ACTIVITY:
Repeat each entry word for word. Leave any images out of the copy.
= Beginning of Section =
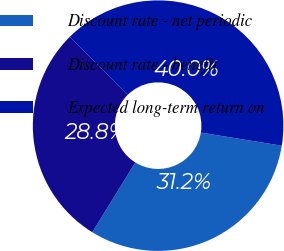Convert chart to OTSL. <chart><loc_0><loc_0><loc_500><loc_500><pie_chart><fcel>Discount rate - net periodic<fcel>Discount rate - benefit<fcel>Expected long-term return on<nl><fcel>31.25%<fcel>28.75%<fcel>40.0%<nl></chart> 
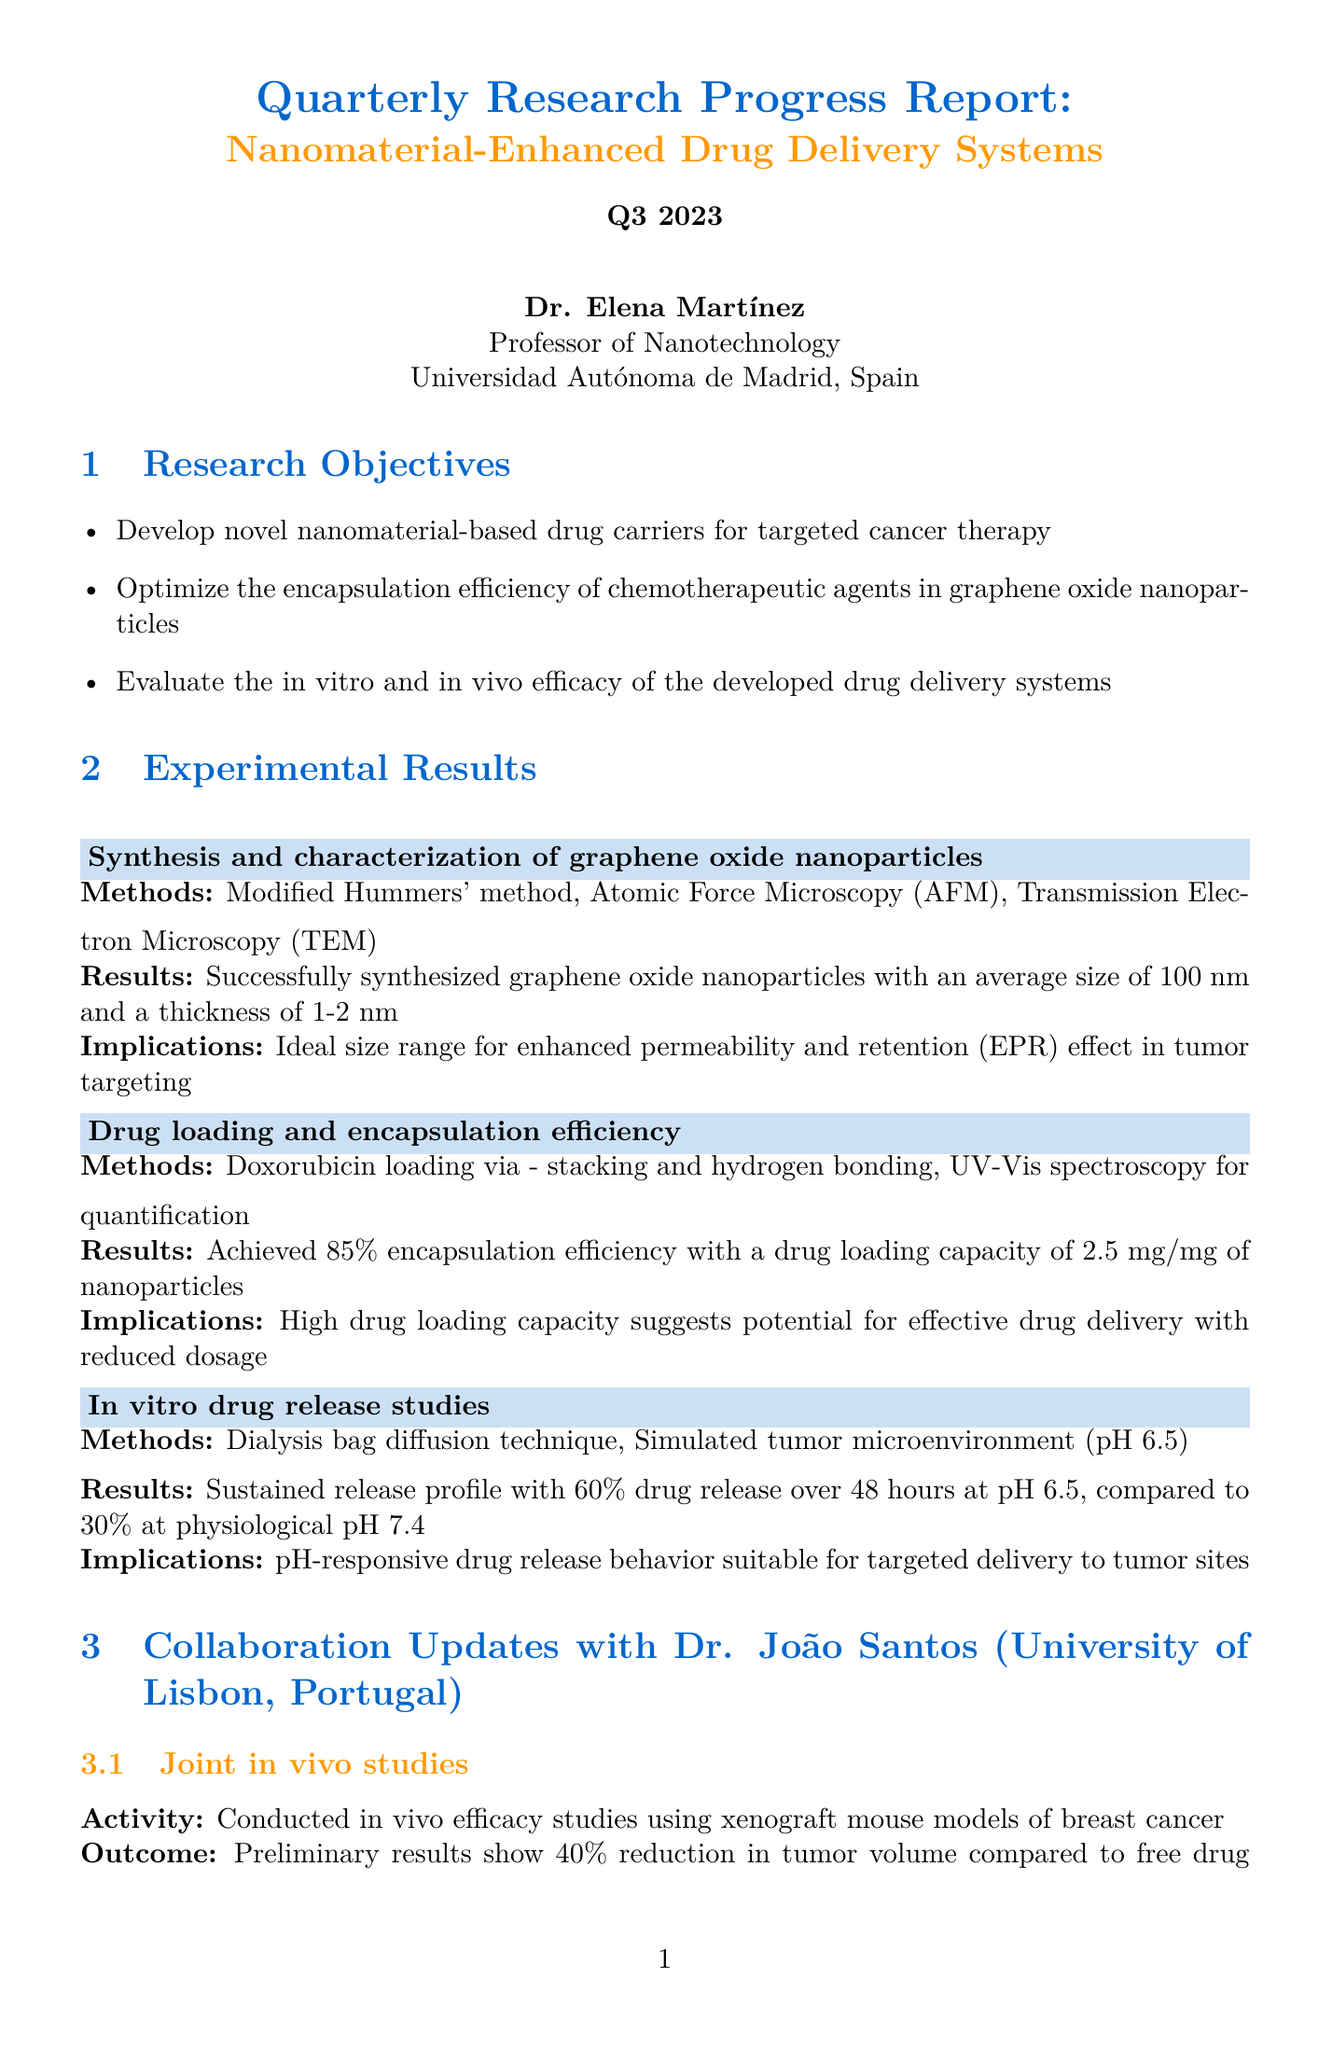What are the research objectives listed in the report? The research objectives are detailed in the section titled "Research Objectives," which identifies the main goals of the study.
Answer: Develop novel nanomaterial-based drug carriers for targeted cancer therapy, optimize the encapsulation efficiency of chemotherapeutic agents in graphene oxide nanoparticles, evaluate the in vitro and in vivo efficacy of the developed drug delivery systems What is the average size of the graphene oxide nanoparticles synthesized? The section "Synthesis and characterization of graphene oxide nanoparticles" contains the results regarding the size of the nanoparticles.
Answer: 100 nm What was the encapsulation efficiency achieved in the drug loading experiment? The "Drug loading and encapsulation efficiency" section provides specific performance metrics of the drug loading process.
Answer: 85 percent What was the preliminary outcome of the joint in vivo studies conducted with Dr. Santos' team? The update on "Joint in vivo studies" outlines the effectiveness of the experiments done in collaboration with Dr. Santos.
Answer: 40 percent reduction in tumor volume compared to free drug administration What pH level showed a sustained release profile during the in vitro drug release studies? The results of the "In vitro drug release studies" section mention the different pH levels tested and their effects.
Answer: pH 6.5 What funding source supports the research? The section titled "Funding Status" specifies the current grant that is funding the research activities described in the report.
Answer: European Research Council (ERC) Consolidator Grant What is the status of the journal article titled "Graphene Oxide Nanocarriers for pH-Responsive Delivery of Doxorubicin in Breast Cancer Therapy"? The "Publications and Presentations" section indicates the review phase of the journal article.
Answer: Under review Which method is being investigated to improve nanoparticle stability during long-term storage? The "Challenges and Solutions" section addresses challenges faced during research and their respective solutions.
Answer: Investigating the use of trehalose as a cryoprotectant
= End of Section =
SOLUTION FOR THIS TASK:
Convert chart to OTSL. <chart><loc_0><loc_0><loc_500><loc_500><pie_chart><fcel>Discount rate - net periodic<fcel>Discount rate - benefit<fcel>Expected long-term return on<nl><fcel>31.25%<fcel>28.75%<fcel>40.0%<nl></chart> 
What are the research objectives listed in the report? The research objectives are detailed in the section titled "Research Objectives," which identifies the main goals of the study.
Answer: Develop novel nanomaterial-based drug carriers for targeted cancer therapy, optimize the encapsulation efficiency of chemotherapeutic agents in graphene oxide nanoparticles, evaluate the in vitro and in vivo efficacy of the developed drug delivery systems What is the average size of the graphene oxide nanoparticles synthesized? The section "Synthesis and characterization of graphene oxide nanoparticles" contains the results regarding the size of the nanoparticles.
Answer: 100 nm What was the encapsulation efficiency achieved in the drug loading experiment? The "Drug loading and encapsulation efficiency" section provides specific performance metrics of the drug loading process.
Answer: 85 percent What was the preliminary outcome of the joint in vivo studies conducted with Dr. Santos' team? The update on "Joint in vivo studies" outlines the effectiveness of the experiments done in collaboration with Dr. Santos.
Answer: 40 percent reduction in tumor volume compared to free drug administration What pH level showed a sustained release profile during the in vitro drug release studies? The results of the "In vitro drug release studies" section mention the different pH levels tested and their effects.
Answer: pH 6.5 What funding source supports the research? The section titled "Funding Status" specifies the current grant that is funding the research activities described in the report.
Answer: European Research Council (ERC) Consolidator Grant What is the status of the journal article titled "Graphene Oxide Nanocarriers for pH-Responsive Delivery of Doxorubicin in Breast Cancer Therapy"? The "Publications and Presentations" section indicates the review phase of the journal article.
Answer: Under review Which method is being investigated to improve nanoparticle stability during long-term storage? The "Challenges and Solutions" section addresses challenges faced during research and their respective solutions.
Answer: Investigating the use of trehalose as a cryoprotectant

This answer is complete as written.